----- Task input
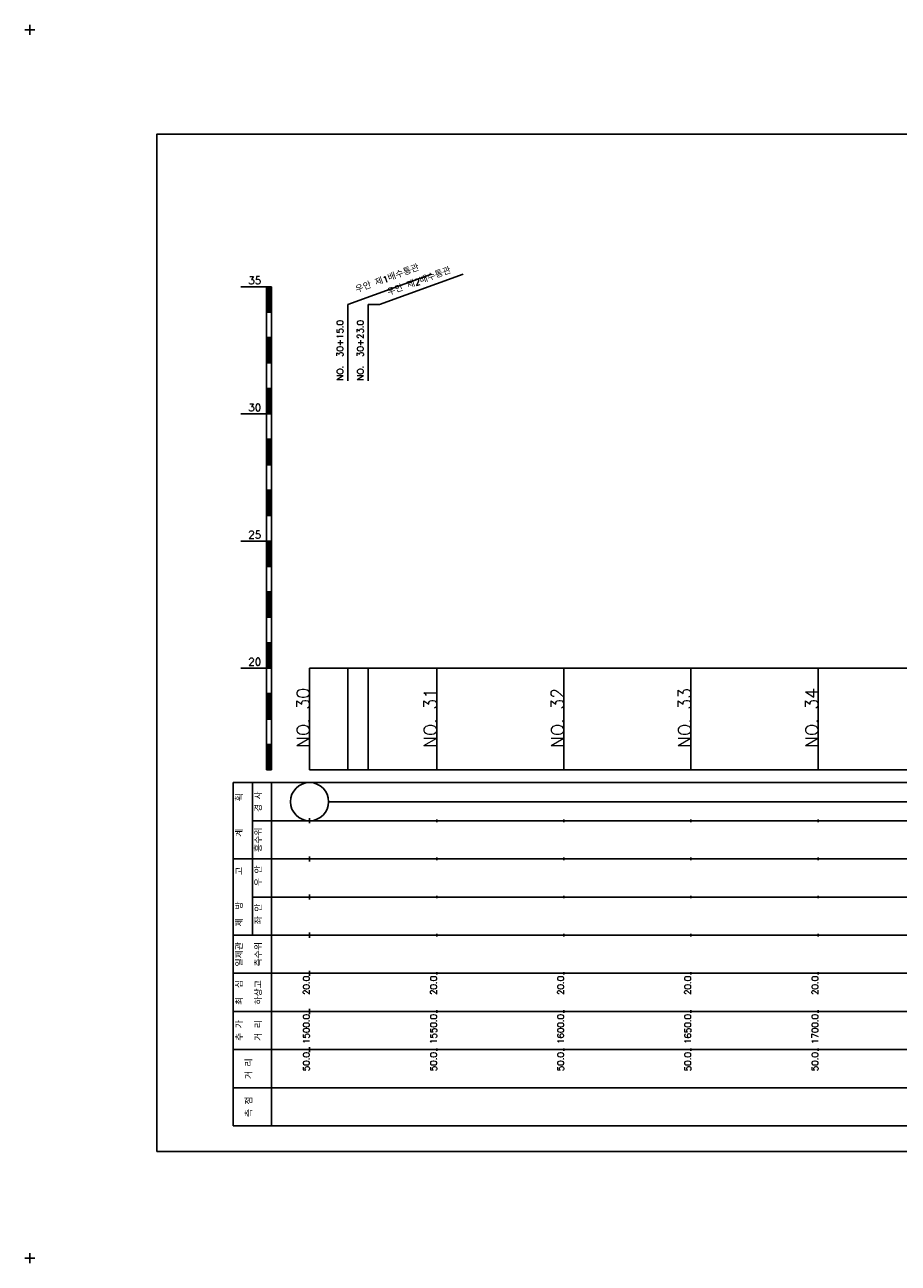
# Model space of a CAD drawing. Extents: x -504 to 685, y -2 to 1934.
# Tile 8 of 9: x -2 to 342, y 1447 to 1934. Entities that reach past the tile are written whole.
import ezdxf
from ezdxf.enums import TextEntityAlignment as Align

# ---------------------------------------------------------------- set-up
doc = ezdxf.new("R2010")
doc.units = 0
doc.header["$LTSCALE"] = 5
for name, color, linetype in [('BOX', 5, 'CONTINUOUS'), ('DT1', 3, 'CONTINUOUS'), ('LT1', 4, 'CONTINUOUS'), ('ST1', 7, 'CONTINUOUS')]:
    doc.layers.add(name, color=color, linetype=linetype)
doc.styles.add('GHS', font='ROMANS.shx', dxfattribs={"bigfont": 'GHS.shx'})

msp = doc.modelspace()

# ---------------------------------------------------------------- linework, layer by layer
at = {"layer": 'BOX'}
msp.add_lwpolyline([(50, 1491), (650, 1491), (650, 1891), (50, 1891), (50, 1491)], dxfattribs=at)
at = {"layer": 'LT1', "linetype": 'CONTINUOUS'}
for p, q in [((125, 1824), (157.89, 1835.97)), ((137.51, 1824), (170.4, 1835.97)), ((125, 1794), (125, 1824)), ((133, 1794), (133, 1824)), ((133, 1824), (137.51, 1824))]:
    msp.add_line(p, q, dxfattribs=at)
at = {"layer": 'LT1'}
for p, q in [((83, 1831), (93, 1831)), ((93, 1641), (93, 1831)), ((93, 1831), (95, 1831)), ((93.5, 1830.8), (93.5, 1821.2)), ((94, 1830.8), (94, 1821.2)), ((94.5, 1830.8), (94.5, 1821.2)), ((95, 1641), (95, 1831)), ((93, 1821), (95, 1821)), ((93, 1811), (95, 1811)), ((93.5, 1810.8), (93.5, 1801.2)), ((94, 1810.8), (94, 1801.2)), ((94.5, 1810.8), (94.5, 1801.2)), ((93, 1801), (95, 1801)), ((93, 1791), (95, 1791)), ((93.5, 1790.8), (93.5, 1781.2)), ((94, 1790.8), (94, 1781.2)), ((94.5, 1790.8), (94.5, 1781.2)), ((83, 1781), (93, 1781)), ((93, 1781), (95, 1781)), ((93, 1771), (95, 1771)), ((93.5, 1770.8), (93.5, 1761.2)), ((94, 1770.8), (94, 1761.2)), ((94.5, 1770.8), (94.5, 1761.2)), ((93, 1761), (95, 1761)), ((93, 1751), (95, 1751)), ((93.5, 1750.8), (93.5, 1741.2)), ((94, 1750.8), (94, 1741.2)), ((94.5, 1750.8), (94.5, 1741.2)), ((93, 1741), (95, 1741)), ((83, 1731), (93, 1731)), ((93, 1731), (95, 1731)), ((93.5, 1730.8), (93.5, 1721.2)), ((94, 1730.8), (94, 1721.2)), ((94.5, 1730.8), (94.5, 1721.2)), ((93, 1721), (95, 1721)), ((93, 1711), (95, 1711)), ((93.5, 1710.8), (93.5, 1701.2)), ((94, 1710.8), (94, 1701.2)), ((94.5, 1710.8), (94.5, 1701.2)), ((93, 1701), (95, 1701)), ((93, 1691), (95, 1691)), ((93.5, 1690.8), (93.5, 1681.2)), ((94, 1690.8), (94, 1681.2)), ((94.5, 1690.8), (94.5, 1681.2)), ((83, 1681), (93, 1681)), ((93, 1681), (95, 1681)), ((110, 1641), (110, 1681)), ((125, 1641), (125, 1681)), ((133, 1641), (133, 1681)), ((160, 1641), (160, 1681)), ((210, 1641), (210, 1681)), ((260, 1641), (260, 1681)), ((310, 1641), (310, 1681)), ((93, 1671), (95, 1671)), ((93.5, 1670.8), (93.5, 1661.2)), ((94, 1670.8), (94, 1661.2)), ((94.5, 1670.8), (94.5, 1661.2)), ((110, 1673.24), (110, 1675.24)), ((160, 1673.74), (160, 1674.74)), ((210, 1673.74), (210, 1674.74)), ((260, 1673.74), (260, 1674.74)), ((310, 1673.74), (310, 1674.74)), ((93, 1661), (95, 1661)), ((93, 1651), (95, 1651)), ((93.5, 1650.8), (93.5, 1641.2)), ((94, 1650.8), (94, 1641.2)), ((94.5, 1650.8), (94.5, 1641.2)), ((93, 1641), (95, 1641)), ((110, 1641), (610, 1641)), ((110, 1620), (110, 1622)), ((160, 1620.5), (160, 1621.5)), ((210, 1620.5), (210, 1621.5)), ((260, 1620.5), (260, 1621.5)), ((310, 1620.5), (310, 1621.5)), ((110, 1605), (110, 1607)), ((160, 1605.5), (160, 1606.5)), ((210, 1605.5), (210, 1606.5)), ((260, 1605.5), (260, 1606.5)), ((310, 1605.5), (310, 1606.5)), ((110, 1590), (110, 1592)), ((160, 1590.5), (160, 1591.5)), ((210, 1590.5), (210, 1591.5)), ((260, 1590.5), (260, 1591.5)), ((310, 1590.5), (310, 1591.5)), ((110, 1575), (110, 1577)), ((160, 1575.5), (160, 1576.5)), ((210, 1575.5), (210, 1576.5)), ((260, 1575.5), (260, 1576.5)), ((310, 1575.5), (310, 1576.5)), ((110, 1560), (110, 1562)), ((160, 1560.5), (160, 1561.5)), ((210, 1560.5), (210, 1561.5)), ((260, 1560.5), (260, 1561.5)), ((310, 1560.5), (310, 1561.5)), ((110, 1545), (110, 1547)), ((160, 1545.5), (160, 1546.5)), ((210, 1545.5), (210, 1546.5)), ((260, 1545.5), (260, 1546.5)), ((310, 1545.5), (310, 1546.5)), ((110, 1530), (110, 1532)), ((160, 1530.5), (160, 1531.5)), ((210, 1530.5), (210, 1531.5)), ((260, 1530.5), (260, 1531.5)), ((310, 1530.5), (310, 1531.5))]:
    msp.add_line(p, q, dxfattribs=at)
msp.add_lwpolyline([(110, 1681), (160, 1681), (210, 1681), (260, 1681), (310, 1681), (360, 1681), (410, 1681), (460, 1681), (510, 1681), (560, 1681), (610, 1681)], dxfattribs=at)
at = {"layer": 'ST1'}
for p, q in [((0, 1930), (0, 1934)), ((-2, 1932), (2, 1932)), ((80, 1501), (80, 1636)), ((80, 1636), (623, 1636)), ((87.5, 1606), (87.5, 1636)), ((95, 1501), (95, 1636)), ((87.5, 1621), (623, 1621)), ((80, 1606), (623, 1606)), ((87.5, 1576), (87.5, 1606)), ((87.5, 1591), (623, 1591)), ((80, 1576), (623, 1576)), ((80, 1561), (623, 1561)), ((80, 1546), (623, 1546)), ((80, 1531), (623, 1531)), ((80, 1516), (623, 1516)), ((80, 1501), (623, 1501)), ((-2, 1449), (2, 1449)), ((0, 1447), (0, 1451))]:
    msp.add_line(p, q, dxfattribs=at)
at = {"layer": 'ST1', "linetype": 'CONTINUOUS'}
msp.add_line((117.5, 1628.5), (602.5, 1628.5), dxfattribs=at)
msp.add_circle((110, 1628.5), 7.5, dxfattribs=at)

# ---------------------------------------------------------------- texts
at = {"layer": 'DT1', "linetype": 'CONTINUOUS', "style": 'GHS'}
for s, rotation, p in [('우안 제1배수통관', 20, (141, 1832.99)), ('우안 제2배수통관', 20, (153.51, 1831.93)), ('경 사', 90, (91.25, 1628.5)), ('  획', 90, (83.75, 1628.5)), ('홍수위', 90, (91.25, 1613.5)), ('   계', 90, (83.75, 1613.5)), (' 우 안', 90, (91.25, 1598.5)), ('   고', 90, (83.75, 1598.5)), (' 제  방', 90, (83.75, 1583.5)), (' 좌 안', 90, (91.25, 1583.5)), ('일제관', 90, (83.75, 1568.5)), ('측수위', 90, (91.25, 1568.5)), ('최  심', 90, (83.75, 1553.5)), ('하상고', 90, (91.25, 1553.5)), ('추 가', 90, (83.75, 1538.5)), ('거 리', 90, (91.25, 1538.5)), ('거 리', 90, (87.5, 1523.5)), ('측 점', 90, (87.5, 1508.5))]:
    msp.add_text(s, height=2.5, rotation=rotation, dxfattribs=at).set_placement(p, align=Align.CENTER)
at = {"layer": 'DT1', "style": 'GHS'}
for s, p in [('35', (91, 1832)), ('30', (91, 1782)), ('25', (91, 1732)), ('20', (91, 1682))]:
    msp.add_text(s, height=3, dxfattribs=at).set_placement(p, align=Align.RIGHT)
at = {"layer": 'DT1', "linetype": 'CONTINUOUS', "style": 'GHS'}
for s, p in [('NO.  30+15.0', (123.25, 1794.12)), ('NO.  30+23.0', (131.25, 1794.12))]:
    msp.add_text(s, height=2.5, rotation=90, dxfattribs=at).set_placement(p)
at = {"layer": 'DT1', "style": 'GHS'}
for s, height, p in [('NO. 30', 5, (110, 1673.24)), ('NO. 31', 5, (160, 1673.24)), ('NO. 32', 5, (210, 1673.24)), ('NO. 33', 5, (260, 1673.24)), ('NO. 34', 5, (310, 1673.24)), (' 20.0', 2.5, (110, 1560)), (' 20.0', 2.5, (160, 1560)), (' 20.0', 2.5, (210, 1560)), (' 20.0', 2.5, (260, 1560)), (' 20.0', 2.5, (310, 1560)), ('  1500.0', 2.5, (110, 1545)), ('  1550.0', 2.5, (160, 1545)), ('  1600.0', 2.5, (210, 1545)), ('  1650.0', 2.5, (260, 1545)), ('  1700.0', 2.5, (310, 1545)), ('  50.0', 2.5, (110, 1530)), ('  50.0', 2.5, (160, 1530)), ('  50.0', 2.5, (210, 1530)), ('  50.0', 2.5, (260, 1530)), ('  50.0', 2.5, (310, 1530))]:
    msp.add_text(s, height=height, rotation=90, dxfattribs=at).set_placement(p, align=Align.RIGHT)

doc.saveas('drawing.dxf')
----------
**Prompt:** Each line above that contains the word "import" should be returned.

**Response:**
import ezdxf
from ezdxf.enums import TextEntityAlignment as Align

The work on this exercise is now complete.